What Episodic Memory Means for AI Agents
Humans remember experiences, not just facts. Your agent should too.
When you remember a meeting, you don’t recall a JSON object. You remember the moment — the room, the voice, the pause before someone made a key point. Humans have episodic memory. AI agents don’t. That’s about to change.
Two Kinds of Memory
Cognitive science distinguishes between:
Semantic Memory — Facts and concepts
- “The capital of France is Paris”
- “Water boils at 100°C”
- Timeless, context-free, declarative
Episodic Memory — Experienced events
- “I remember the meeting where we discussed the budget”
- “That call where the client mentioned timeline concerns”

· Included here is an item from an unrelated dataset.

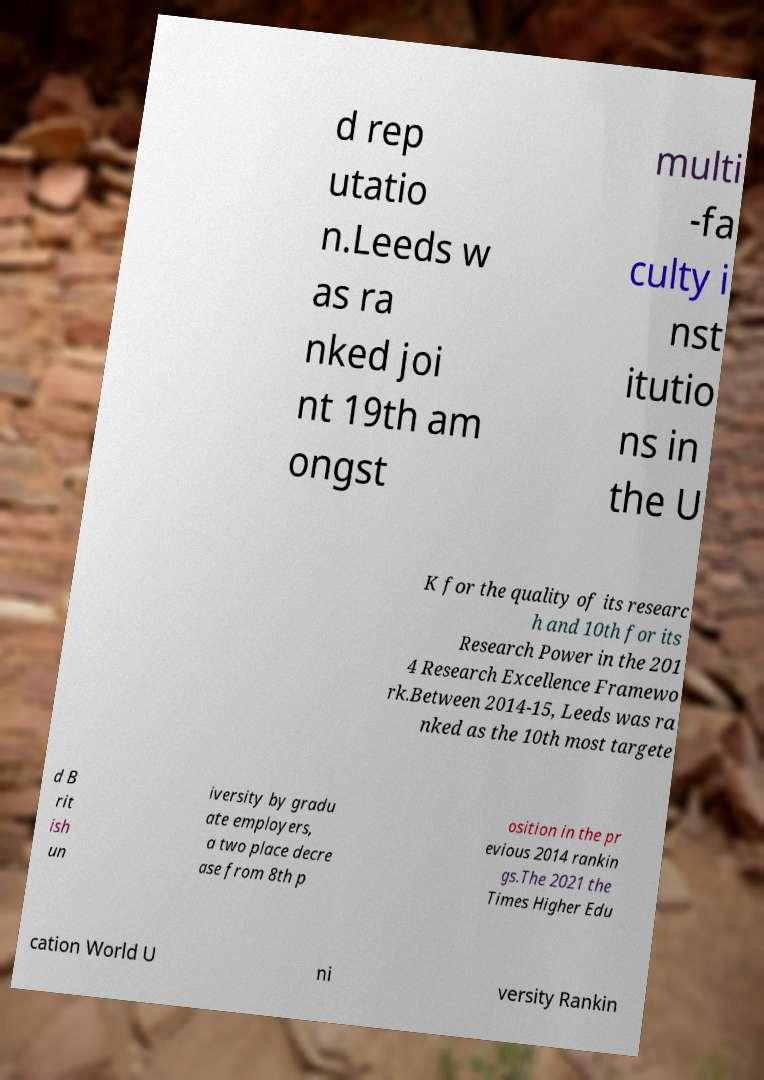There's text embedded in this image that I need extracted. Can you transcribe it verbatim? d rep utatio n.Leeds w as ra nked joi nt 19th am ongst multi -fa culty i nst itutio ns in the U K for the quality of its researc h and 10th for its Research Power in the 201 4 Research Excellence Framewo rk.Between 2014-15, Leeds was ra nked as the 10th most targete d B rit ish un iversity by gradu ate employers, a two place decre ase from 8th p osition in the pr evious 2014 rankin gs.The 2021 the Times Higher Edu cation World U ni versity Rankin

- Time-stamped, contextual, experiential
Most AI memory systems are semantic. Vector databases store embeddings of facts. RAG retrieves documents. But agents that perceive need episodic memory. They need to remember what they saw and heard, when it happened, and what the context was.
Why Episodic Matters
Consider these queries:
| Query | Memory Type | What’s Needed |
|---|---|---|
| “What is our pricing model?” | Semantic | Retrieved from docs |
| “What did the client say about pricing last Tuesday?” | Episodic | Retrieved from recordings |
| “How many people attended the meeting?” | Episodic | Visual memory of the event |
| “What was on screen when they mentioned the deadline?” | Episodic | Multimodal temporal context |
Semantic memory can’t answer episodic questions. You need memory of experiences — not just facts.

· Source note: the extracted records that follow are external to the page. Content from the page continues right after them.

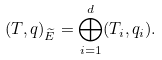Convert formula to latex. <formula><loc_0><loc_0><loc_500><loc_500>( T , q ) _ { \widetilde { E } } = \bigoplus _ { i = 1 } ^ { d } ( T _ { i } , q _ { i } ) .</formula> 
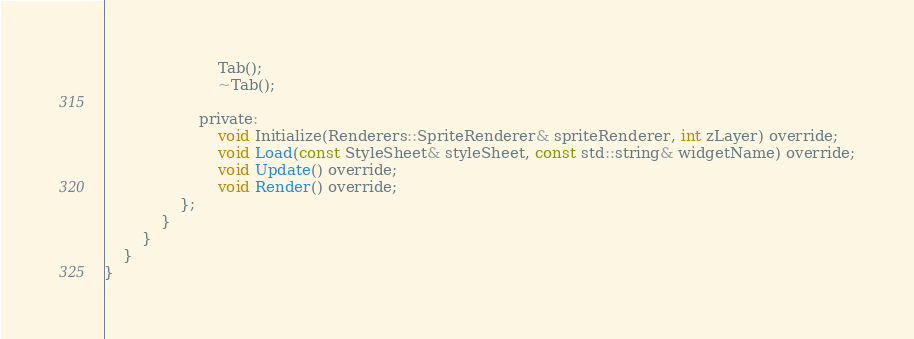<code> <loc_0><loc_0><loc_500><loc_500><_C_>						Tab();
						~Tab();

					private:
						void Initialize(Renderers::SpriteRenderer& spriteRenderer, int zLayer) override;
						void Load(const StyleSheet& styleSheet, const std::string& widgetName) override;
						void Update() override;
						void Render() override;
				};
			}
		}
	}
}</code>

Video as Natural Episodic Memory
Video is inherently episodic.
Video captures several properties that make it ideal for episodic memory:
- Time-indexed — Every frame has a timestamp
- Multi-sensory — Visual + audio together
- Contextual — Shows the environment, not just content
- Continuous — Captures the flow of events
When you record a meeting, you’re creating episodic memory. The challenge is making it retrievable.
The Memory Problem
Raw recordings aren’t queryable. You can’t ask an MP4 file “what happened?”
Traditional approaches:
- Full transcription — Converts audio to text, loses visual context
- Frame extraction — Expensive, loses temporal flow
- Manual notes — Doesn’t scale, subjective
- Just store it — Recording exists but no one can find anything
None of these create true episodic memory. They create archives.
Indexed Episodic Memory
The solution: indexes that understand what happened and when.
# Create episodic memory from a video
video.index_spoken_words() # What was said
video.index_scenes(prompt="Describe activities and events") # What happened
# Query episodic memory
results = video.search("budget discussion")

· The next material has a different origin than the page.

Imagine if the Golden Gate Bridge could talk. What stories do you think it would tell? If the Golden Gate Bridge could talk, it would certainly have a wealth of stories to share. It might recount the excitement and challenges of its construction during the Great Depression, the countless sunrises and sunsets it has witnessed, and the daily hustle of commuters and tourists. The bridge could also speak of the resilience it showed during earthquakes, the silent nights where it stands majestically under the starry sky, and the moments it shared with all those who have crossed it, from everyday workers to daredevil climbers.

for shot in results.shots:
print(f"At {shot.start}s: {shot.text}")
shot.play() # Relive the moment
The index is the memory. It captures:
- What happened (semantic content)
- When it happened (timestamps)
- Evidence (playable links)
Ephemeral vs Persistent
Not all perception needs permanent memory.
Ephemeral — Process but don’t store
- Real-time event detection
- Privacy-sensitive contexts
- Temporary sessions
Ephemeral indexing processes without persisting:
rtstream.index_visuals(
prompt="Detect safety issues",
ephemeral=True # Don't persist
)
Persistent — Store for later recall
- Meeting recordings
- Training content
- Compliance archives
Persistent memory uses standard indexing:
video.index_spoken_words() # Stored by default
You control what your agent remembers.
Desktop as Continuous Input
Desktop capture creates continuous episodic input:
cap = conn.create_capture_session(end_user_id="user_123")
# What the agent "experiences":
# - Screen content (visual)
# - Microphone (spoken)
# - System audio (ambient)
The agent perceives the user’s experience in real-time. With indexing, it builds memory. Later:
# Agent recall
"Remember when I was debugging that error? What file was I looking at?"
results = cap.search("debugging error")
shot.play() # Show the moment
Multi-Session Memory
Episodic memory spans sessions:
# Search across all recordings
results = coll.search("product roadmap discussions")
# Results from any video in the collection
for shot in results.shots:
print(f"Video: {shot.video_id}, Time: {shot.start}s")
print(f"Content: {shot.text}")
The agent doesn’t just remember one meeting. It remembers all meetings.
Grounded Answers
Episodic memory enables grounded responses:
“At 14:32 in yesterday’s meeting, Sarah said ‘We need to revisit the enterprise tier pricing.’ Here’s the clip: [play]”
The difference is trust. Episodic memory provides verifiable evidence.
The Future
The agents we’re building will:
- Perceive continuously (screens, mics, cameras)
- Index what they perceive (spoken, visual, events)
- Remember across sessions (episodic recall)
- Answer with evidence (playable proof)
This isn’t science fiction. The architecture exists today.